I was able to take some time this weekend to watch the webcast of the presentation to LC staff by the Working Group on the Future of Bibliographic Control. Given that the presentation covered draft, rather than final, recommendations (the full draft report will be distributed on Nov. 30), I think it's best that I not get too hung up in the details based on the presentation.
For example, the recommendation that RDA development be abandoned until FRBR is better understood could be a very good thing or a very bad thing, in my opinion, depending on how the recommendation is written. Karen Coyle, consultant to the group, involved in helping to write the report, has already indicated that the report's recommendations will be presented differently than they were in the presentation, addressing RDA and FRBR separately. I fall in the camp that the currently-released RDA drafts fall short of the sea-change for which it strives, but I also think we need to be making this change sooner rather than later. We'll see, I suppose.
I was also thrilled to hear in Barbara Tillett's question from the audience that LC is close to making some of their vocabularies (she didn't say which ones, presumably things like the language codes - I suppose it's too much to hope LCSH would be included) available via SKOS. This is the first I've heard of that initiative, but I think it's fantastic. It's something my institution would be able to take advantage of fairly quickly.

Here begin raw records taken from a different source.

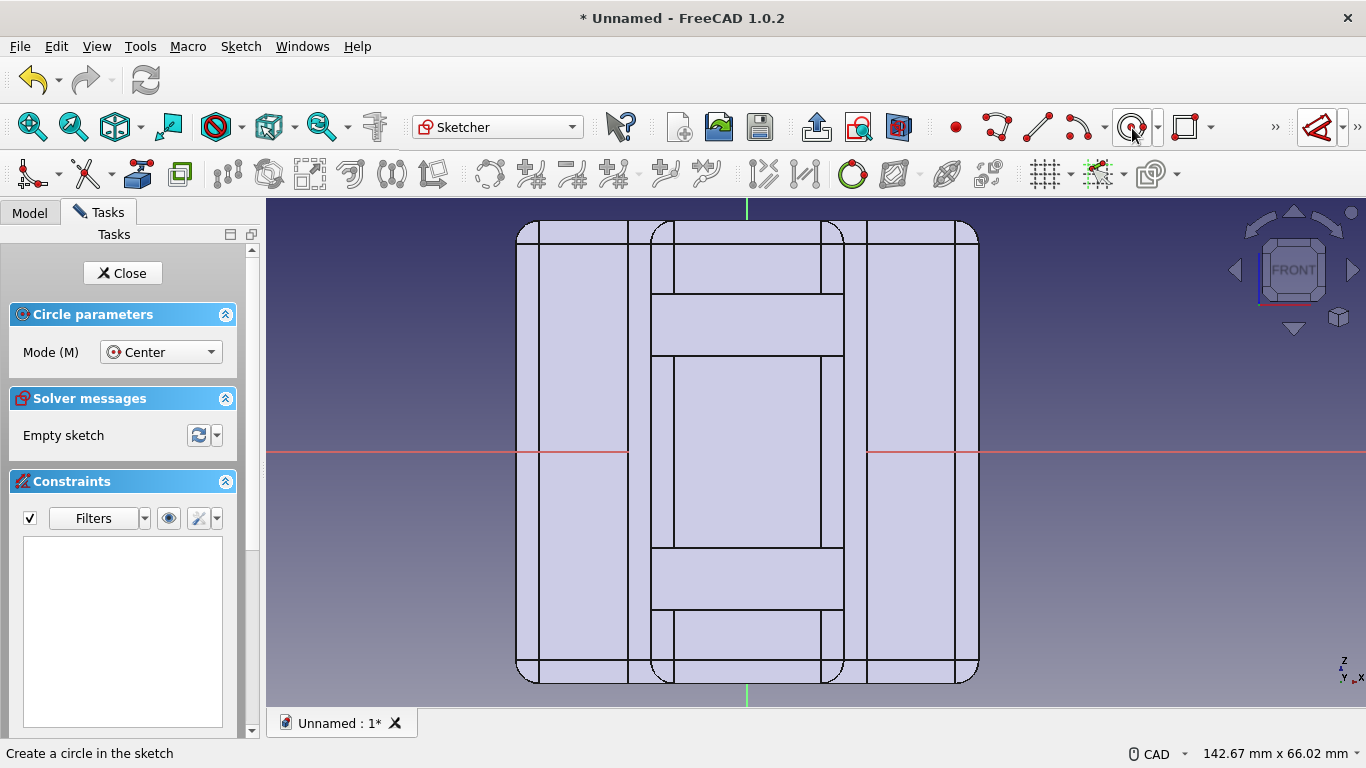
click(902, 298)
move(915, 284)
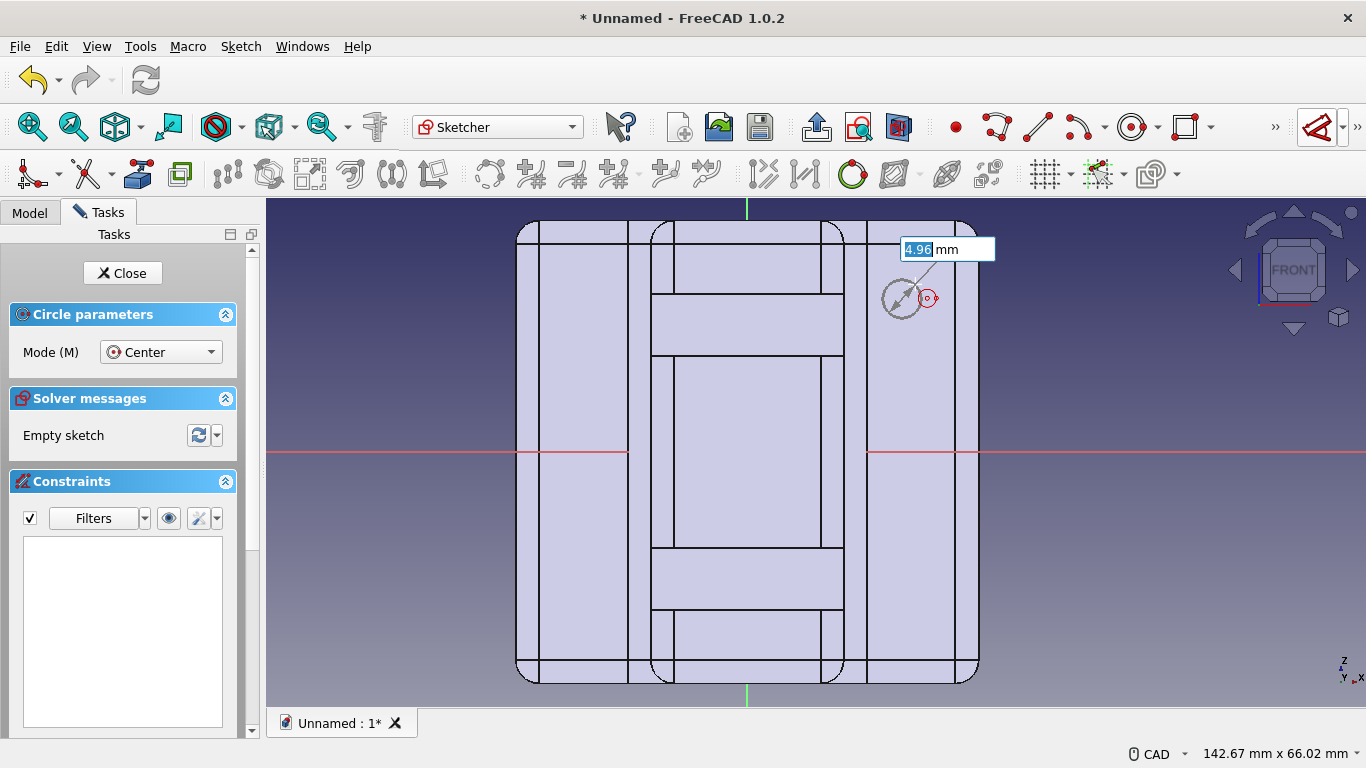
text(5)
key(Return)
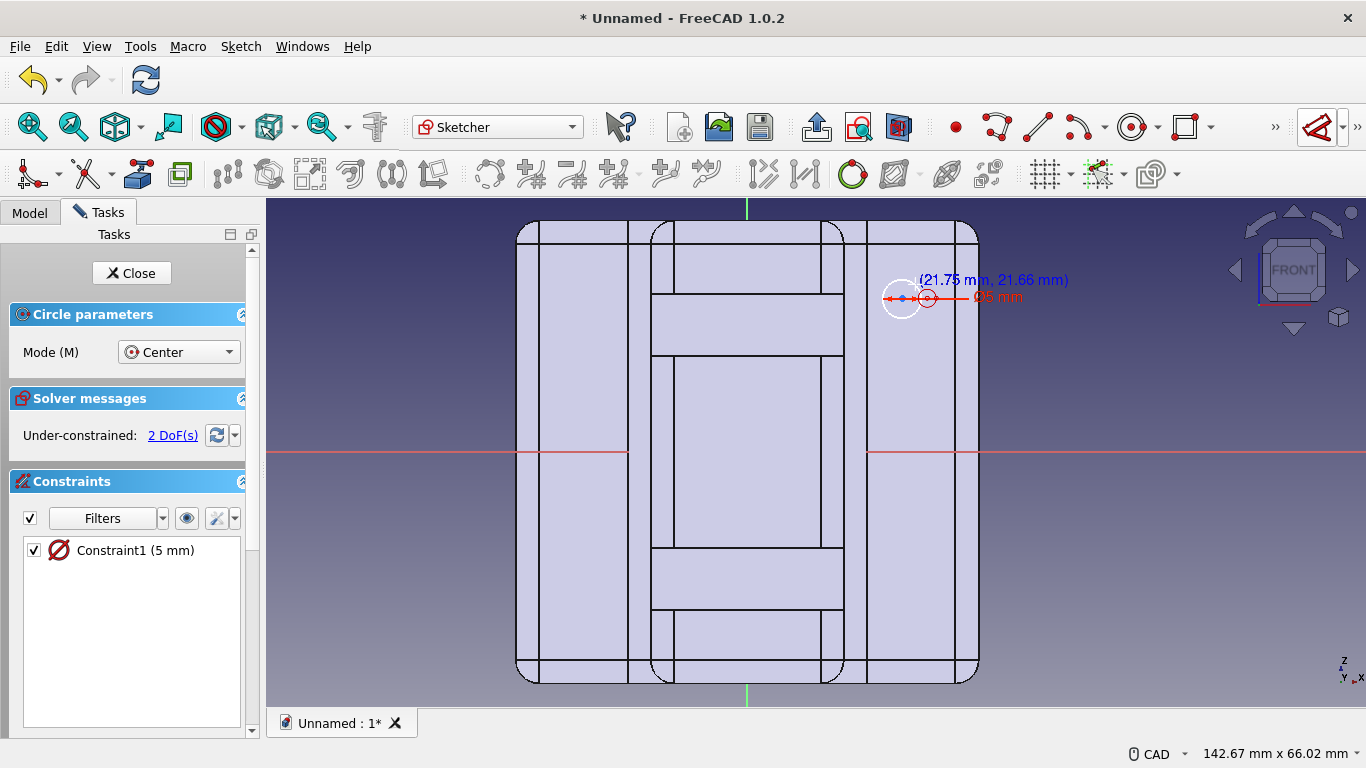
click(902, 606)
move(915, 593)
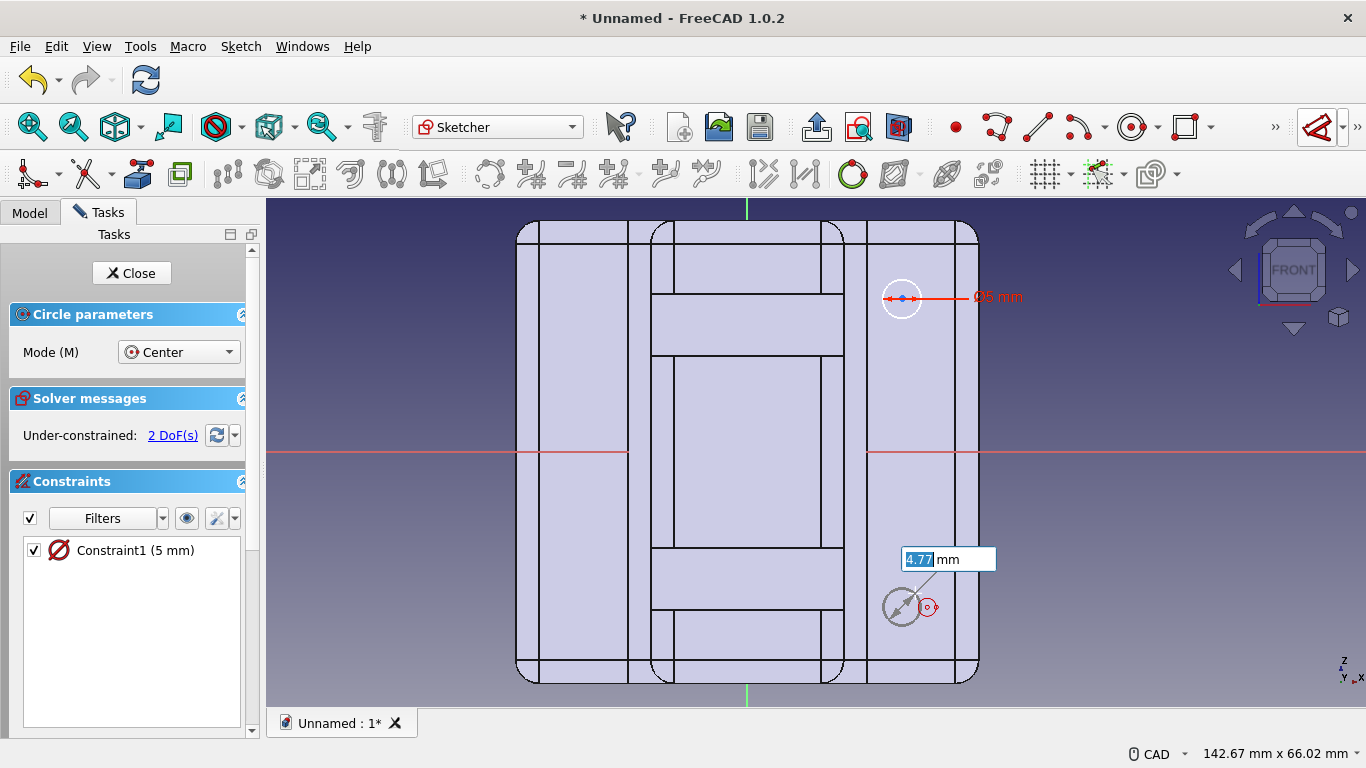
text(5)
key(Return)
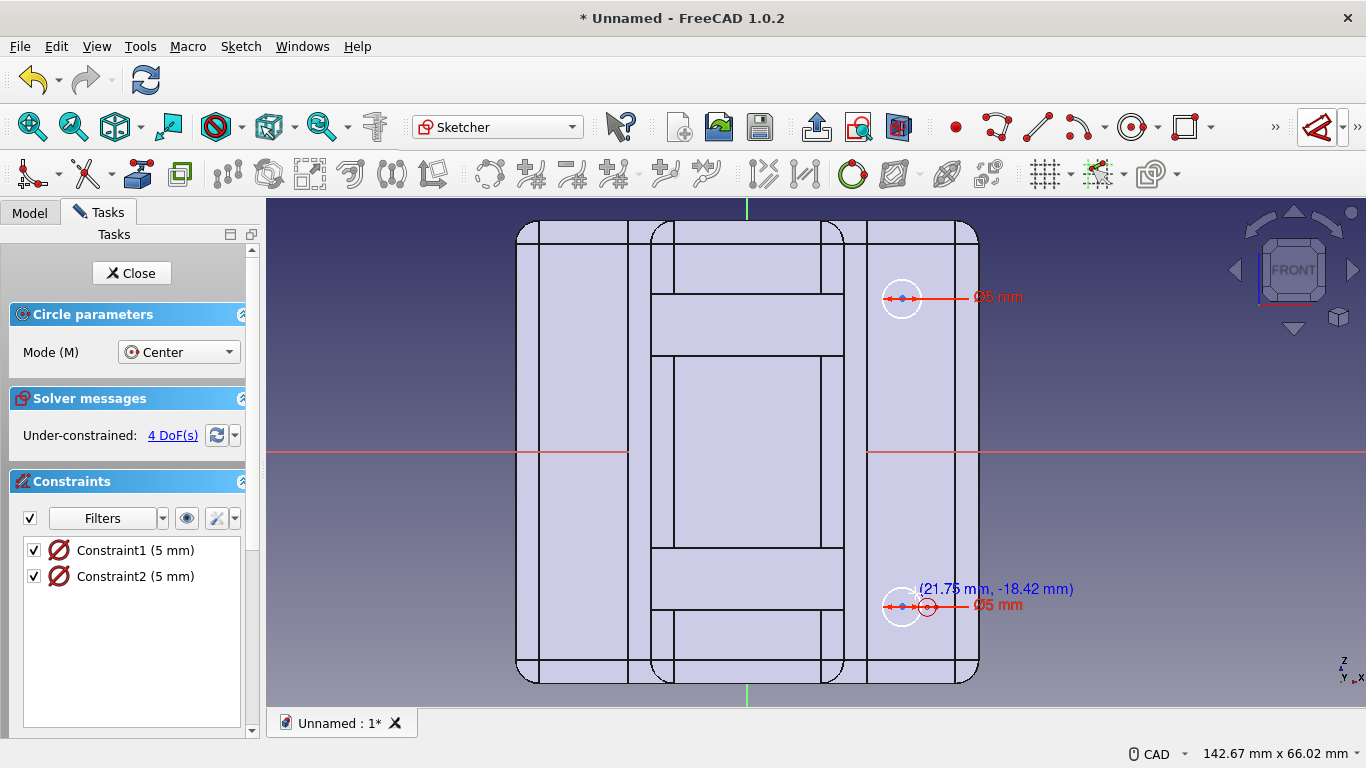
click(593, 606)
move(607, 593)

But back to the big picture, which I think is the most significant part of this week's presentation. The working group has outlined a vision that goes far beyond the mechanics of bibliographic control, into the scope and functions of discovery and use applications. I think this is a significant development, one that has gone in exactly the right direction. It only makes sense to analyze how we do bibliographic control if we fully understand what it is that work is supporting. I don't recall any of the webcast presenters saying this in so many words, but the vision that was outlined was not just one for library catalogs as we define them today. It covered information systems in the larger sense, and how they could interact. The future of bibliographic control is not just the design of records we create and store; it's a fluid, connected, living information environment in which libraries are but one (albeit important) player. What an exciting time to be a librarian!